13. Compliance with Section 409A of the Code.
(a) If and to the extent (i) any portion of any payment to the Associate pursuant to this Agreement in connection with his or her employment termination constitutes “nonqualified deferred compensation” within the meaning of Section 409A of the Code and (ii) the Associate is a specified employee as defined in Section 409A(a)(2)(B)(i) of the Code, in each case as determined by Staples in accordance with its procedures, by which determination the Associate (through accepting the Units) agrees that he or she is bound, such portion of the payment shall not be paid before the earlier of (i) the Associate’s death or (ii) the day that is six months plus one day after the date of “separation from service” (as determined under Section 409A of the Code) (such date, the “New Payment Date”), except as Section 409A of the Code may then permit. The aggregate amount of any payments that otherwise would have been paid to the Associate during the period between the date of separation from service and the New Payment Date shall be paid to the Associate in a lump sum on such New Payment Date, and any remaining payments will be paid on their original schedule.

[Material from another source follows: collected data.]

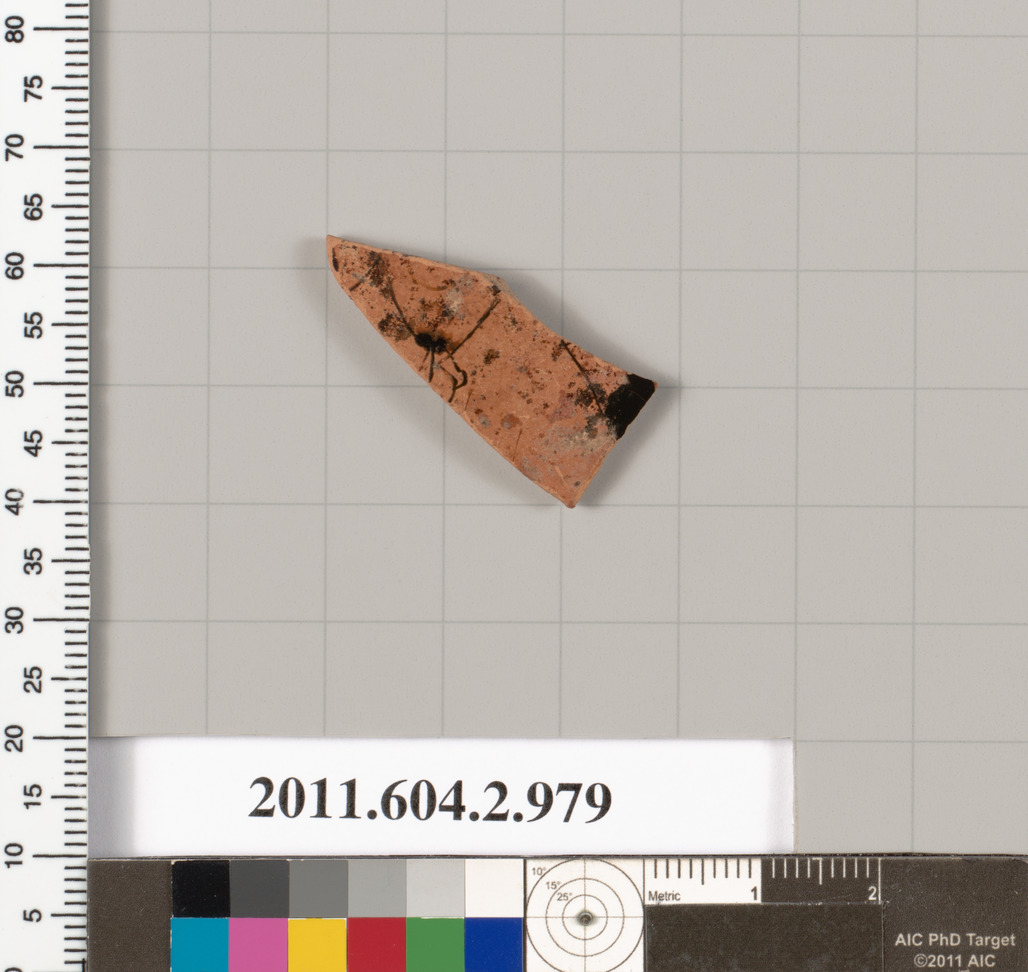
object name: oinochoe fragment
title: Terracotta fragment of an oinochoe (jug)
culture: greek, attic
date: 475-451 BCE
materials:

(b) This Agreement is intended to comply with the requirements of Section 409A of the Code and shall be construed consistently therewith. In any event, Staples makes no representation or warranty and shall have no liability to the Associate or any other person if any provisions of or payments, compensation or other benefits under the Plan or this Agreement are determined to constitute nonqualified deferred compensation subject to Section 409A of the Code but do not satisfy the conditions of that section.
14. Miscellaneous.
(a) Except as provided herein, this Agreement may not be amended or otherwise modified unless evidenced in writing and signed by Staples and the Associate unless the Board of Directors determines that the amendment or modification, taking into account any related action, would not materially and adversely affect the Associate.
(b) All notices under this Agreement shall be mailed or delivered by hand to Staples at its main office, Attn: Secretary, and to the Associate to his or her last known address on the employment records of Staples or at such other address as may be designated in writing by either of the parties to one another.
(c) This Agreement shall be governed by and construed in accordance with the laws of the State of Delaware.